Provisions for tax, civil, labor, environmental and legal claims
Provisions for legal claims (labor, civil, tax and environmental) are recognized when: (i) the Company has a present legal or constructive obligation as a result of past events; (ii) it is probable that an outflow of resources will be required to settle the obligation; and (iii) the amount can be reliably estimated. Provisions do not include future operating losses.
Where there is a number of similar obligations, the likelihood that an outflow will be required in settlement is determined by considering the class of obligations as a whole. A provision is recognized even if the likelihood of an outflow with respect to any one item included in the same class of obligations may be small.
Provisions are measured at the present value of the expenditure expected to be required to settle the obligation using a pre-tax rate that reflects current market assessments of the time value of money and the risks specific to the obligation. The increase in the provision due to the passage of time is recognized as “Financial expenses”.
Asset retirement obligation
The Company recognizes a provision for environmental restoration and for the closure of operating units that correspond to its legal obligation to restore the environment at the termination of its operations.
Provision is made for asset retirement, restoration and environmental costs when the obligation occurs, based on the net present value of estimated future costs with, where appropriate, probability weighting of the different remediation and closure scenarios. The ultimate cost of closedown and restoration is uncertain, and management uses its judgment and experience to determine the potential scope of rehabilitation work required and to provide for the costs associated with that work. Adjustments are made to provisions when the range of possible outcomes becomes sufficiently narrow to permit reliable estimation.
Cost estimates can vary in response to many factors including: changes to the relevant legal or local/national government ownership requirements and any other commitments made to stakeholders; review of remediation and relinquishment options; the emergence of new restoration techniques and the effects of inflation. Experience gained at other mine or production sites is also a significant consideration, although elements of the restoration and rehabilitation of each site are relatively unique to the site and, in some cases, there may be relatively limited restoration and rehabilitation activity and historical precedent against which to benchmark cost estimates. External experts support the cost estimation process where appropriate.
Cost estimates are updated throughout the life of the operation aligned with Internal Policies and these Internal Policies themselves are also subject to periodical updates to maintain these in line with international best practices. The expected timing of expenditure included in cost estimates can also change, for example in response to changes to expectations relating to ore reserves and mineral resources, production rates, operating licenses or economic conditions. Expenditure may occur before and after closure and can continue for an extended period of time depending on the specific site requirements. Some expenditure can continue into perpetuity. In such cases, the provision for these ongoing costs may be restricted to a period for which the costs can be reliably estimated.
On the date of initial recognition of the liability that arises from this obligation, discounted to present value using a risk free rate, the same amount is simultaneously charged to property, plant and equipment in the balance sheet. The selection of appropriate sources on which to base the calculation of the risk-free discount rate used for such retirement, restoration and environmental obligations requires judgment. Subsequently, the liability is increased in each period to reflect the finance cost considered in the initial measurement of the discount. Additionally, the capitalized cost is depreciated based on the useful life of the related asset. Upon settlement of the liability, the Group entities recognize any profit or loss that may arise.

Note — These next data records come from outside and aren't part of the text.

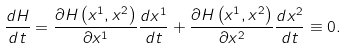Convert formula to latex. <formula><loc_0><loc_0><loc_500><loc_500>\frac { d H } { d t } = \frac { \partial H \left ( x ^ { 1 } , x ^ { 2 } \right ) } { \partial x ^ { 1 } } \frac { d x ^ { 1 } } { d t } + \frac { \partial H \left ( x ^ { 1 } , x ^ { 2 } \right ) } { \partial x ^ { 2 } } \frac { d x ^ { 2 } } { d t } \equiv 0 .</formula> 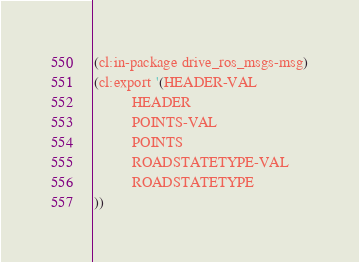<code> <loc_0><loc_0><loc_500><loc_500><_Lisp_>(cl:in-package drive_ros_msgs-msg)
(cl:export '(HEADER-VAL
          HEADER
          POINTS-VAL
          POINTS
          ROADSTATETYPE-VAL
          ROADSTATETYPE
))</code>

Any reduction in this provision and, therefore, any reduction in the related asset, exceeding the carrying amount of the asset, are immediately recognized in the income statement as “operating costs”.
As a result of all of the above factors, there could be significant adjustments to the provision for close-down, restoration and environmental costs which would affect future financial results.
Judicial deposits
Judicial deposits are presented on a net basis in “Provisions” when there is a corresponding provision. The deposits without corresponding provisions are presented in non-current assets.